Tuesday, November 10, 2009

A "Bad Nigger"



I've been collecting and reading boxing literature for a couple years. There is quite a bit for an enthusiast to devour; short stories by Hemingway, Jack London, FX Toole, full length novels by WC Heinz, Leonard Gardner, and finally there is a plethora of books that compile articles on boxing. The infamous "Sweet Science," by the regular New Yorker writer AJ Liebling is considered a sports classic and perfectly represents boxing literature. The series of articles is both recounts of fights, and depictions of the life surrounding fighters.

Over the last two years I've picked up a handful of books and most recently I picked up "The Art and Aesthetics of Boxing" and "Boxer: An Anthology of Writings on Boxing and Visual Culture." While I haven't gotten to the former I have read most of the latter. "Boxer..." is a beautiful coffee table book with great pictures, and interesting yet short essays. Included, of course, is Joyce Carol Oates famous essay "On Boxing," which is part of virtually every compilation of boxing writing post '95.

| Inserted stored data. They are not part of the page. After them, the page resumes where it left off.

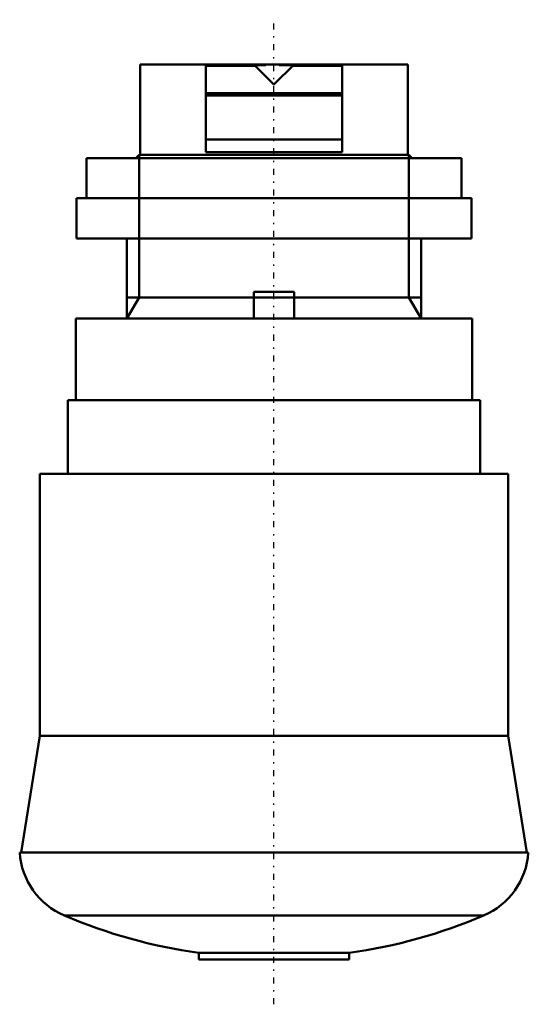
# Model space of a CAD drawing. Header units: millimetres. Extents: x -19 to 19, y -70.2 to 3.3.
import ezdxf

# ---------------------------------------------------------------- set-up
doc = ezdxf.new("R2010")
doc.units = ezdxf.units.MM
doc.linetypes.add('Center', pattern=[1.5, 0.45, -0.5, 0.05, -0.5])
doc.linetypes.add('Dashed', pattern=[2, 1, -1])
for name, color, linetype, lineweight in [('AM_0', 7, 'Continuous', 30), ('AM_10', 7, 'Continuous', 5), ('AM_3', 7, 'Dashed', 5), ('AM_7', 7, 'Center', 5)]:
    doc.layers.add(name, color=color, linetype=linetype, lineweight=lineweight)

msp = doc.modelspace()

# ---------------------------------------------------------------- linework, layer by layer
at = {"layer": 'AM_0', "color": 7, "linetype": 'Continuous', "lineweight": 50}
for p, q in [((-10, 0), (-10, -6.75)), ((10, 0), (-10, 0)), ((-5.1, -6.55), (-5.1, 0)), ((0, -1.5), (-1.5, 0)), ((5.1, 0), (5.1, -6.55)), ((10, -6.75), (10, 0)), ((-5.1, -0.107), (-1.393, -0.107)), ((1.5, 0), (0, -1.5)), ((1.393, -0.107), (5.1, -0.107)), ((5.1, -2.15), (-5.1, -2.15)), ((5.1, -2.33), (-5.1, -2.33)), ((-5.1, -5.6), (5.1, -5.6)), ((5.1, -6.55), (-5.1, -6.55)), ((-14, -7), (-14, -10)), ((14, -7), (-14, -7)), ((-10.08, -6.75), (-10.33, -7)), ((10.08, -6.75), (-10.08, -6.75)), ((10.33, -7), (10.08, -6.75)), ((14, -10), (14, -7)), ((-14.75, -10), (-14.75, -13)), ((14.75, -10), (-14.75, -10)), ((14.75, -13), (14.75, -10)), ((14.75, -13), (-14.75, -13)), ((-11, -13), (-11, -19)), ((11, -19), (11, -13)), ((-1.5, -19), (-1.5, -17)), ((-1.5, -17), (1.5, -17)), ((1.5, -17), (1.5, -19)), ((-14.8, -19), (-14.8, -25.1)), ((14.8, -19), (-14.8, -19)), ((14.8, -25.1), (14.8, -19)), ((-15.4, -25.1), (-15.4, -30.6)), ((15.4, -25.1), (-15.4, -25.1)), ((15.4, -30.6), (15.4, -25.1)), ((-17.5, -30.6), (-17.5, -50.178)), ((17.5, -30.6), (-17.5, -30.6)), ((17.5, -50.178), (17.5, -30.6)), ((-17.5, -50.178), (-18.882, -58.904)), ((17.5, -50.178), (-17.5, -50.178)), ((18.882, -58.904), (17.5, -50.178)), ((19, -58.904), (-19, -58.904)), ((15.666, -63.61), (-15.666, -63.61)), ((-5.625, -66.408), (-5.625, -66.9)), ((-5.625, -66.408), (5.625, -66.408)), ((-5.625, -66.9), (5.625, -66.9)), ((5.625, -66.9), (5.625, -66.408))]:
    msp.add_line(p, q, dxfattribs=at)
for centre, radius, start, end in [((-13.511, -58.549), 5.5, 183.69891, 246.94288), ((13.511, -58.549), 5.5, 293.05712, 356.30109), ((0, -26.805), 40, 246.94359, 261.91598), ((0, -26.805), 40, 278.08402, 293.05641)]:
    msp.add_arc(centre, radius, start, end, dxfattribs=at)
at = {"layer": 'AM_10', "color": 7, "linetype": 'Continuous', "lineweight": 50}
for p, q in [((-10.08, -6.75), (-10.08, -17.407)), ((10.08, -6.75), (10.08, -17.407)), ((-11, -19), (-10.08, -17.407)), ((-11, -17.407), (11, -17.407)), ((11, -19), (10.08, -17.407))]:
    msp.add_line(p, q, dxfattribs=at)
at = {"layer": 'AM_3', "color": 6, "linetype": 'Dashed', "lineweight": 25}
for p, q in [((-5.1, -0.107), (-5.1, -2.33)), ((1.393, -0.107), (-1.393, -0.107)), ((5.1, -2.33), (5.1, -0.107)), ((-5.1, -5.6), (-5.1, -6.55)), ((5.1, -6.55), (5.1, -5.6))]:
    msp.add_line(p, q, dxfattribs=at)
at = {"layer": 'AM_7', "color": 4, "linetype": 'Center', "lineweight": 25}
msp.add_line((0, -70.245), (0, 3.345), dxfattribs=at)

doc.saveas('drawing.dxf')

The compilation also includes an essay by Keith Piper, entitled "Four Corners, a contest of Opposites." The essay briefly hits on the careers and lives of four african american fighters; Joe Louis, Jack Johnson, Mike Tyson, and Muhammed Ali. Specifically the writer highlights the struggles with racism each fighter as had during his career. It should be noted as well that all four were heavyweights, heavyweights have typically had a larger political burden placed upon their careers as their size is a mitigating factor. Smaller fighters "'... do not sybolise the nation or their race since the biggest fighting men have always had that burden.'"

Piper points out the complexities of being a black fighter succinctly; "The black fighter is forced to negotiate a precarious line between, on the one hand, the prescriptions of the white staus quo, the boxing promotions industry, the press and to an extent, apologist portions of the black middle class; on the other hand, the aspirations of black audiences yearning for an empowering antidote to their powerlessness."


Keith argues that Jack Johnson and Ali contested a symbolic war against the racial status quo while Tyson and Joe Louis conformed to and reinforced the dominant messages about the nature of black masculinity. Tyson's compliance with the spectacle of black masculinity is "expressed in the uniquely late twentieth century terms of individual redemption and condemnation. It attempts to convince us of the possibility of meteoric rise, which it portrays as the All American Way." Of course the subsequent fall of Tyson's career is put on his shoulders as an individual. Yet there are other readings of Tyson's story that go unsaid. "The ones which suggest that Cus D'Amato's only interest in Tyson was as a fighting machine, as product. The teenager's evident sexual aggression was allowed to devolp unchecked as long as he kept knocking other boys over in the ring. ...At the same time Tyson's intellect was deliberately left underdeveloped in order to hone his persona into that of an American pit-bull terrier."

The truth of the situation is probably lost in the dizzy oscillation between individual autonomy and the power of social constructs. It is in this space that we all live.

1 comment:

Unknown said...

Consider adding Absalom Absalom by William Faulkner to your boxing literature reading list if you haven't already.